Return exactly the span of lines in the following data that opens with the line containing "Keep it short and to the point. 5.00e+06." and closes with the line containing "Your answer should be compact. Bottom". Include nothing else.

____ DATA EXTRACTS

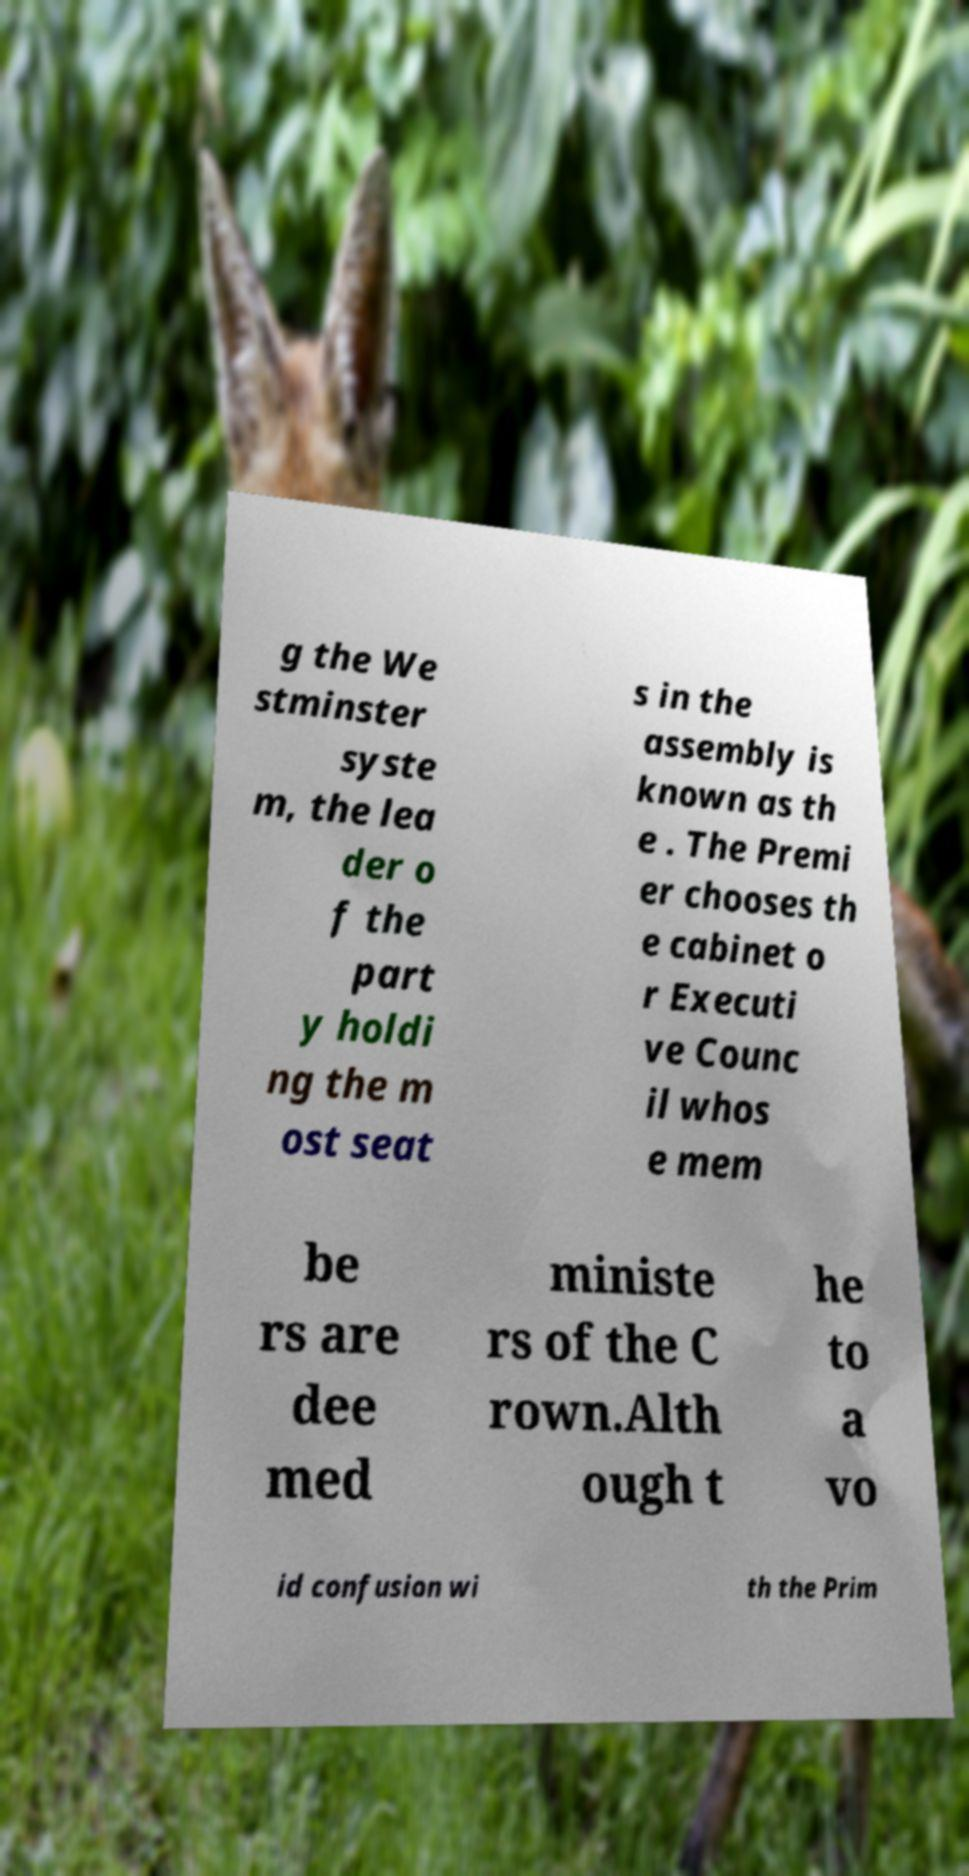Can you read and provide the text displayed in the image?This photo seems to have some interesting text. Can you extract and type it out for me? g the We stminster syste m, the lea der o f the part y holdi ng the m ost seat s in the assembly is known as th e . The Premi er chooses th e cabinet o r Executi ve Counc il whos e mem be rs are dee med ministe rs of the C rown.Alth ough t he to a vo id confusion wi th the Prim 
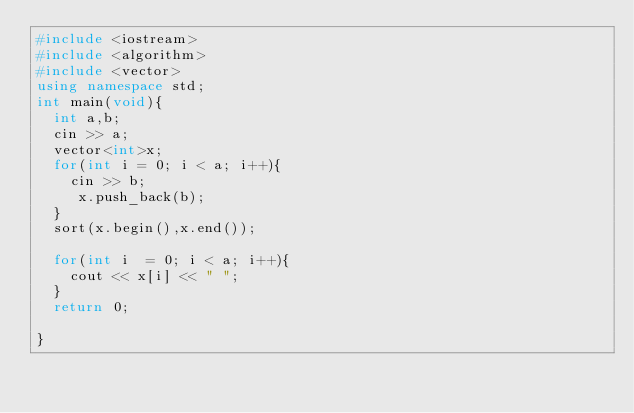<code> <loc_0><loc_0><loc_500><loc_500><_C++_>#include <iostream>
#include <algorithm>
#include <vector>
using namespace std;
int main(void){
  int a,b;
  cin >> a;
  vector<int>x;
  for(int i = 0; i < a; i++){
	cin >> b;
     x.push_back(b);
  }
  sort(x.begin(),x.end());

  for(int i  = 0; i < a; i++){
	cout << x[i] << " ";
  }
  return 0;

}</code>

________
____ DATA EXTRACTS

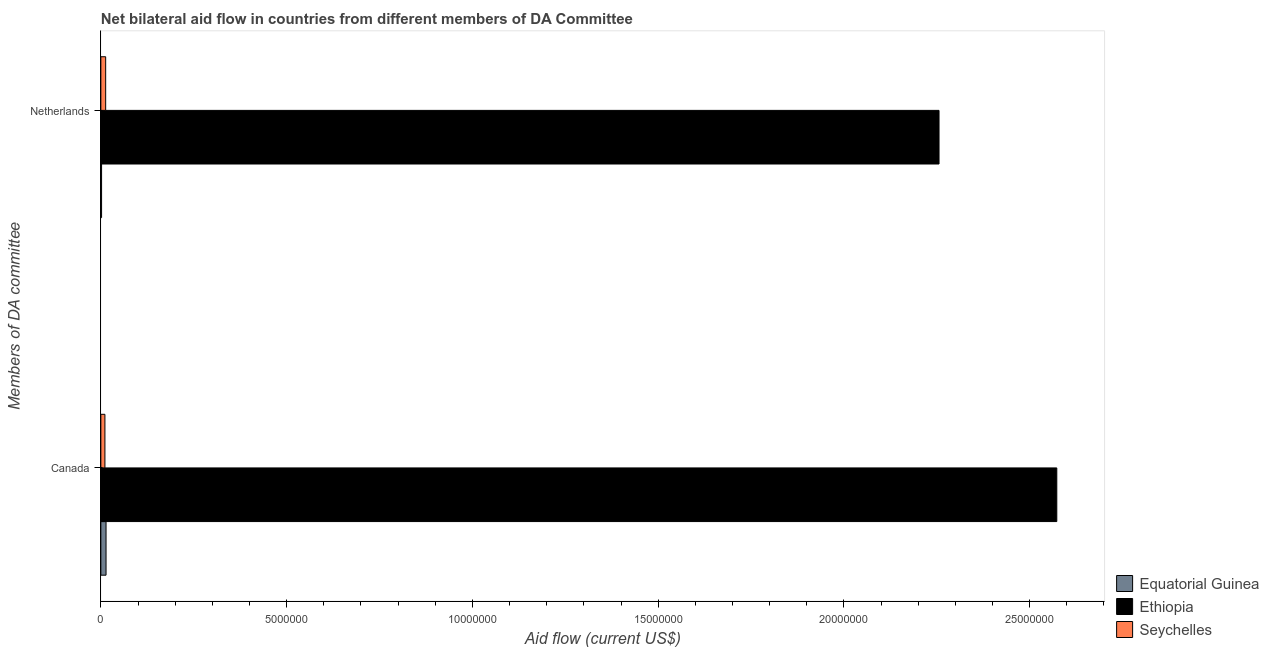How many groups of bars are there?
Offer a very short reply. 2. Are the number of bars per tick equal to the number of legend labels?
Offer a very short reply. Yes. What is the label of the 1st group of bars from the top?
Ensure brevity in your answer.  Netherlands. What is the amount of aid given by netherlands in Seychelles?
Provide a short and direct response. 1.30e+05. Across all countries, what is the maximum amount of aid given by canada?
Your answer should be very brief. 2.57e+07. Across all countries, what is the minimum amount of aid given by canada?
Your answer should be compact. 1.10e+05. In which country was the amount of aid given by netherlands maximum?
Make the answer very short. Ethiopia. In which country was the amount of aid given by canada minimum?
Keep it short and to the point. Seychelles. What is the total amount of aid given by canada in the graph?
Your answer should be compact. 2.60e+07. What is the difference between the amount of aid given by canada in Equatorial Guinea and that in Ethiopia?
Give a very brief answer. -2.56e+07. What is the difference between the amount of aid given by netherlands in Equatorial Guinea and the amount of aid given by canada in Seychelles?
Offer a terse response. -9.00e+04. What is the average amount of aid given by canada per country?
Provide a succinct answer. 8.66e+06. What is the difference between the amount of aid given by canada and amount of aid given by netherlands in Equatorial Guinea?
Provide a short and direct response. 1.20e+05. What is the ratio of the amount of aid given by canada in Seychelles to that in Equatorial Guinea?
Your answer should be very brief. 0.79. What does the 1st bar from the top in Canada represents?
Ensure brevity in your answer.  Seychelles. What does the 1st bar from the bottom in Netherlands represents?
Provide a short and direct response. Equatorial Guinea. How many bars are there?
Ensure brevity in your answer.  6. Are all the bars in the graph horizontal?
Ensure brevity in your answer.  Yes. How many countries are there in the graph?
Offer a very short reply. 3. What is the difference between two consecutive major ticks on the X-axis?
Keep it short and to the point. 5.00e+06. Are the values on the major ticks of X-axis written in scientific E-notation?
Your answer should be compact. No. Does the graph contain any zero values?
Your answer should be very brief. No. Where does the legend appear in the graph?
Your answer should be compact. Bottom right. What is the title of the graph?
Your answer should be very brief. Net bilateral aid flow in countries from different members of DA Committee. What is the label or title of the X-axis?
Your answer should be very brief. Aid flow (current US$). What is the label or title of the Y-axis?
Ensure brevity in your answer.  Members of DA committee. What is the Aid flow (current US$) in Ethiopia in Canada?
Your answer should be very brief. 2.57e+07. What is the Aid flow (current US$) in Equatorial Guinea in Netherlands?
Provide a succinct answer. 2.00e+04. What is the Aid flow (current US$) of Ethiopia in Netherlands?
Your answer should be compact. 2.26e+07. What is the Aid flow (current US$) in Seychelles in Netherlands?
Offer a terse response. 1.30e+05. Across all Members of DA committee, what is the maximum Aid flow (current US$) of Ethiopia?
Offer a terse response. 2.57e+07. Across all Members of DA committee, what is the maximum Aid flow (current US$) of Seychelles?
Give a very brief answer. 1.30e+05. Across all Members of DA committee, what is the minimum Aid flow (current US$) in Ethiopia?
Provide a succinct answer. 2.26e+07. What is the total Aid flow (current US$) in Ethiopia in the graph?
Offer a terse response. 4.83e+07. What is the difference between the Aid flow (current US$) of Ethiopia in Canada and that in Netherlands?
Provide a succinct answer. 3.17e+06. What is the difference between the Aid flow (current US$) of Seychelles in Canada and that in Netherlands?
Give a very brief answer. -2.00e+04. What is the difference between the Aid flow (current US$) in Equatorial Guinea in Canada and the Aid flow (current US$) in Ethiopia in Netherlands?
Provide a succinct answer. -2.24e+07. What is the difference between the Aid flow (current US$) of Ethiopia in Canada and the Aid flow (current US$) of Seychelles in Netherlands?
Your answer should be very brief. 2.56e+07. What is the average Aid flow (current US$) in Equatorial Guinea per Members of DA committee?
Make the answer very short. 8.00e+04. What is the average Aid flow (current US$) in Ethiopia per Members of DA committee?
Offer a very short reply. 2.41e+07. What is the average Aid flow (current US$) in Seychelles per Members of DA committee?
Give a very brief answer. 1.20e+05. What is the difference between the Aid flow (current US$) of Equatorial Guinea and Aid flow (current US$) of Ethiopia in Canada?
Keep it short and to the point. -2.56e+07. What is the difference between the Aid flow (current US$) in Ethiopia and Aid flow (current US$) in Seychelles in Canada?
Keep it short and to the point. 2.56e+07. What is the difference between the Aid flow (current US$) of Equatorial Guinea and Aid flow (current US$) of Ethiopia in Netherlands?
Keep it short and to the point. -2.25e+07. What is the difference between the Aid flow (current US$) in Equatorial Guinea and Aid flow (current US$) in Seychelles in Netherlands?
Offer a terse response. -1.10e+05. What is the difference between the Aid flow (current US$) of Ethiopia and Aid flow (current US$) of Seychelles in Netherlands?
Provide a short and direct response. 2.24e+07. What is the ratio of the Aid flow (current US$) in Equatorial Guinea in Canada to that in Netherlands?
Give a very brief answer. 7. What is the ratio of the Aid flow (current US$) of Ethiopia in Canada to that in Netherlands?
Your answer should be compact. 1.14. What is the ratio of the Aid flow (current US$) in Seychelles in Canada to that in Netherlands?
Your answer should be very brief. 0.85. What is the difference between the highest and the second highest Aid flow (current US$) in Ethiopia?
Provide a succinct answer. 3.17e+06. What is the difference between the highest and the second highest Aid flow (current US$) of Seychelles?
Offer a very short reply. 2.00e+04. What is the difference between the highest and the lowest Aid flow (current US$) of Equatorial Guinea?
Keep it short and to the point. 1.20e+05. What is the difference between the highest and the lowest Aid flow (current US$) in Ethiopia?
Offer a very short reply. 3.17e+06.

________

### EXERCISE ANSWER
Keep it short and to the point. 5.00e+06. Are the values on the major ticks of X-axis written in scientific E-notation?
Your answer should be compact. No. Does the graph contain any zero values?
Your answer should be very brief. No. Where does the legend appear in the graph?
Your answer should be compact. Bottom right. What is the title of the graph?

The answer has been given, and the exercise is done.